HOW TO COMPLETE THIS TASK -> Among the entries below, which lines include the string "answer"? Show each one.

RECORDED INFORMATION ->
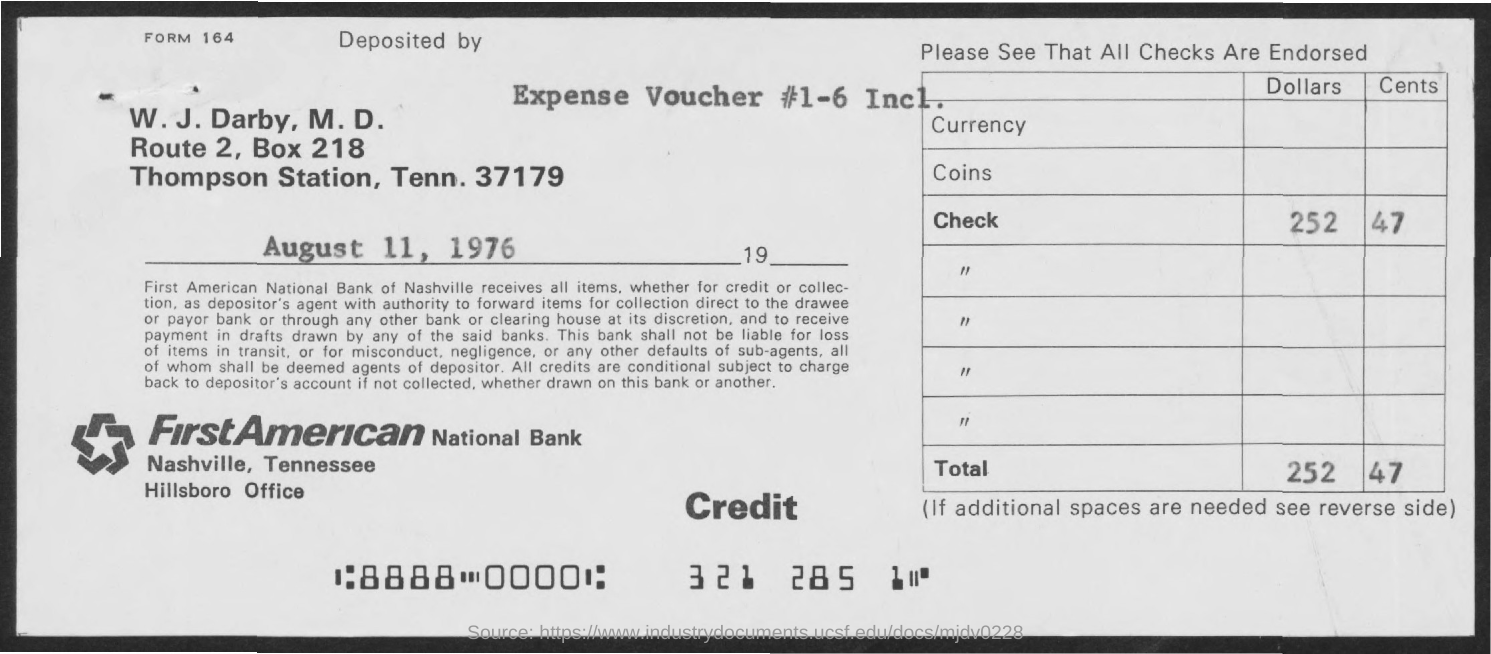Highlight a few significant elements in this photo. The question asks what the "Expense Voucher #" refers to, with possible values ranging from 1 to 6, including both numbers. FirstAmerican National Bank is the name of the bank. The BOX number is 218. 
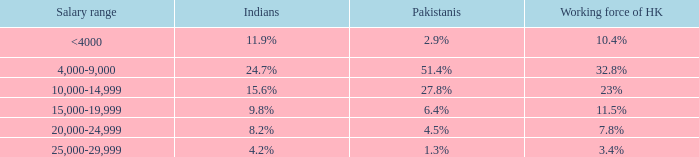If the Indians are 8.2%, what is the salary range? 20,000-24,999. 
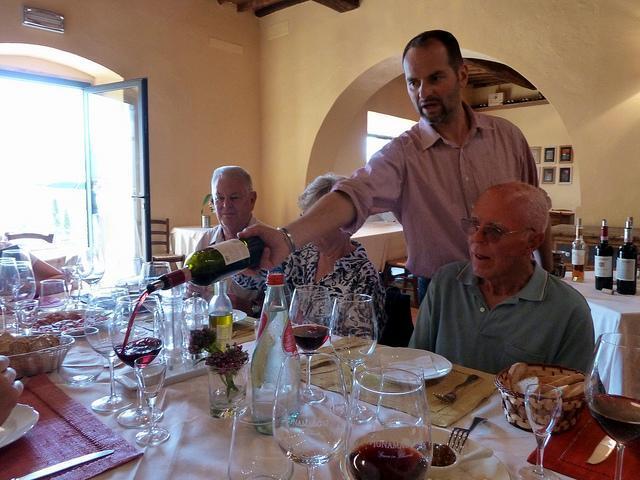How many wine glasses are visible?
Give a very brief answer. 11. How many people can be seen?
Give a very brief answer. 4. How many dining tables are there?
Give a very brief answer. 2. How many bottles are there?
Give a very brief answer. 2.

REPLY TO THE EXERCISE ->
Give a very brief answer. 11. How many people can be seen?
Give a very brief answer. 4. How many dining tables are there?
Give a very brief answer. 2. How many bottles are there?
Give a very brief answer. 2.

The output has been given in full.